- Opening Delimiter -
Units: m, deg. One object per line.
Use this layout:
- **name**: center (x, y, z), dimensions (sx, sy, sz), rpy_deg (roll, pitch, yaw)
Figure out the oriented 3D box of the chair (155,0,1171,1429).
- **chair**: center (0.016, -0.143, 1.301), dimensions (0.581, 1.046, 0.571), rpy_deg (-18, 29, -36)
- Closing Delimiter -
- Opening Delimiter -
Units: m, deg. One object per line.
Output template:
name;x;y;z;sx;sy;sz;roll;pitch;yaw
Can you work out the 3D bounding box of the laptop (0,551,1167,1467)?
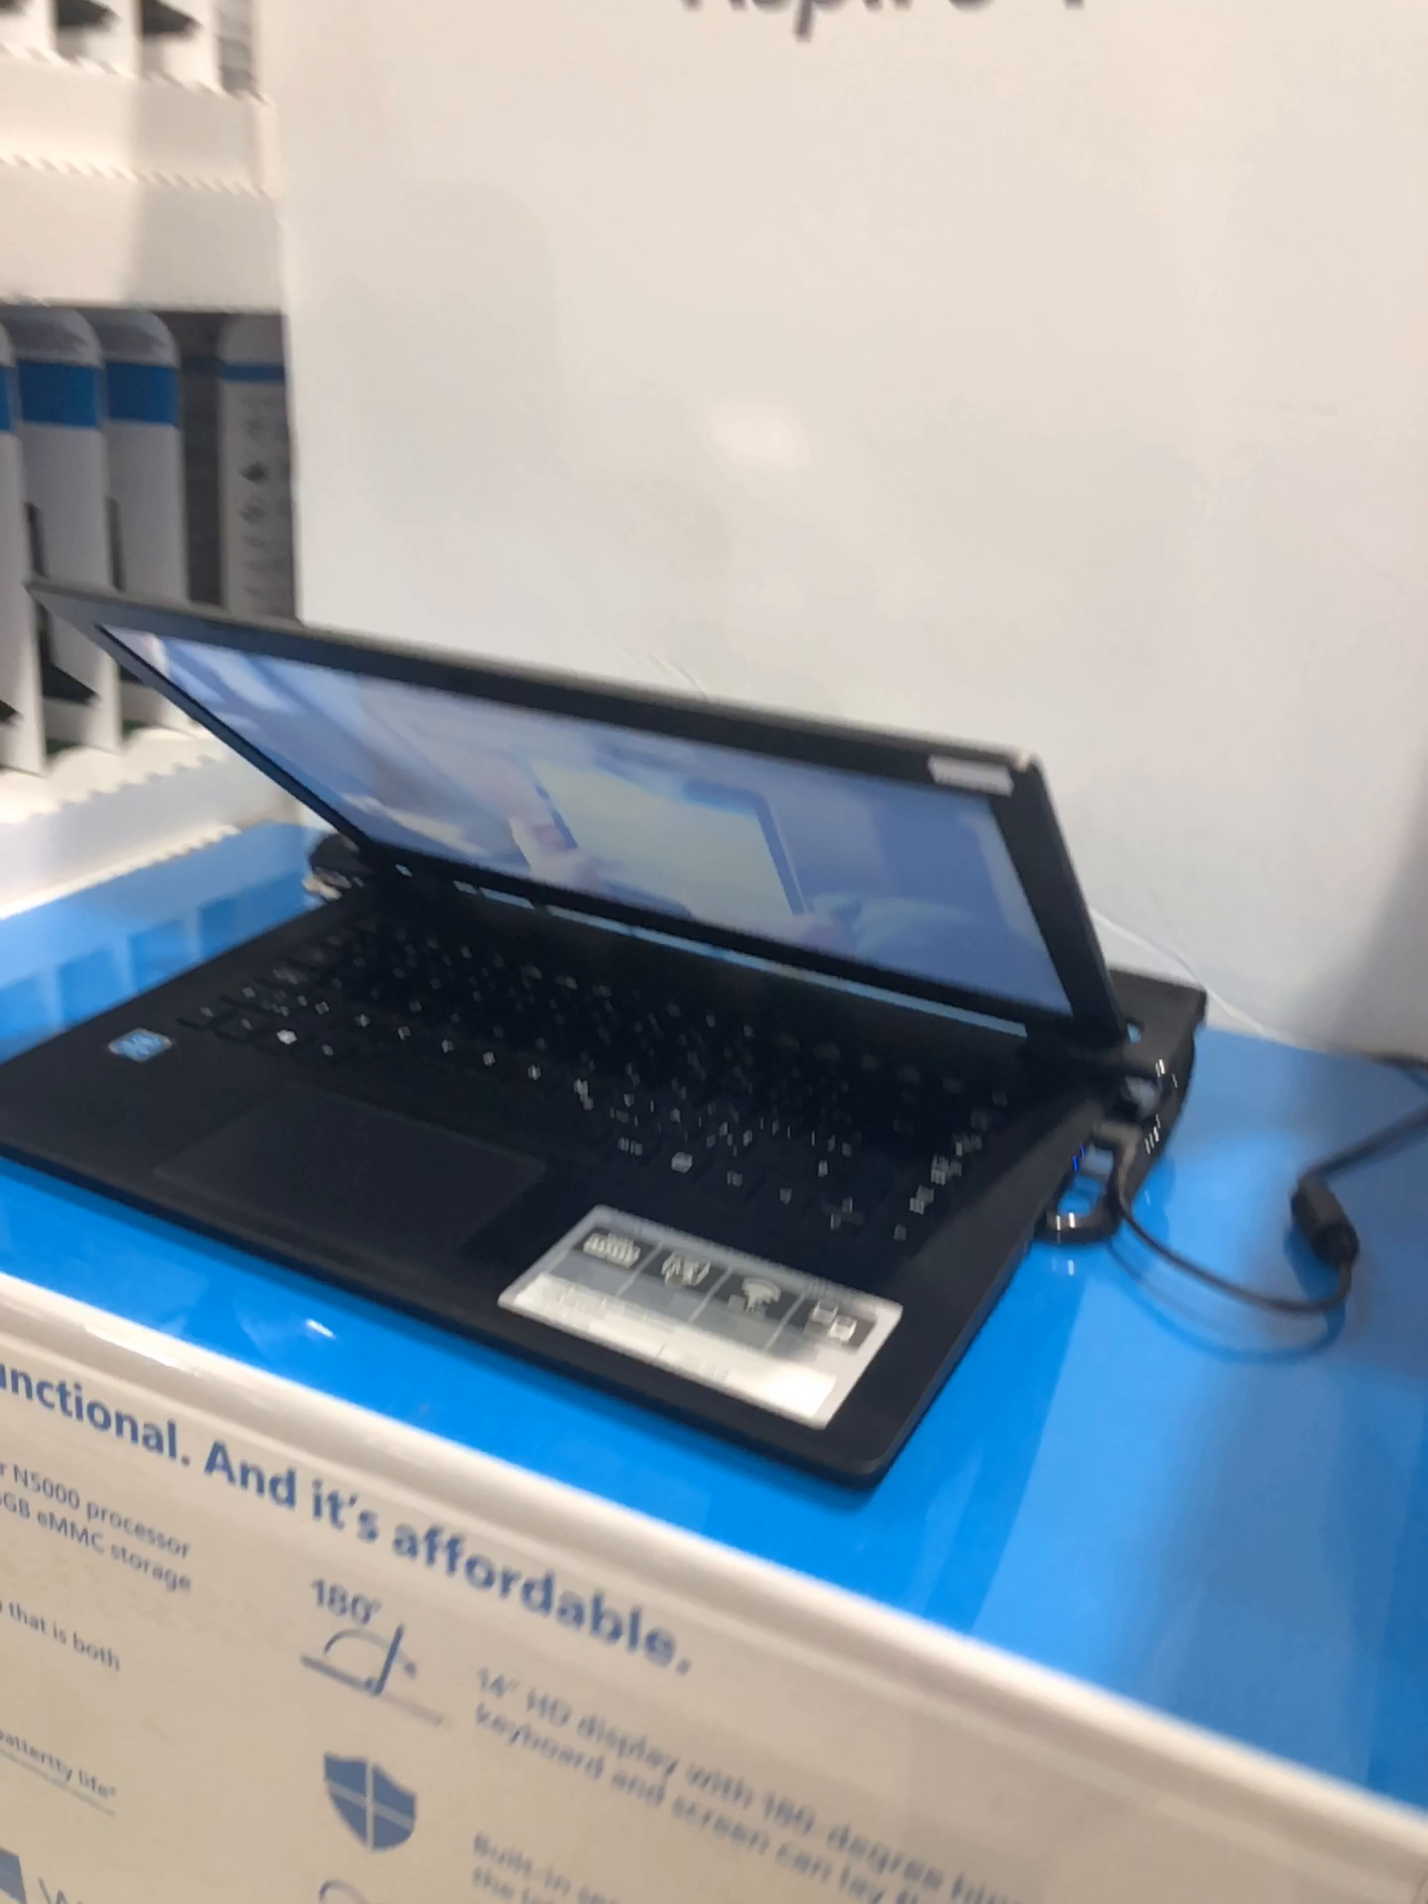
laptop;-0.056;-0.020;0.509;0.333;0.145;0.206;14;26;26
- Closing Delimiter -
Problem requirements —
Determine the count of lines in the data that contain the string "name", and reply with that count alone.

Exercise output —
2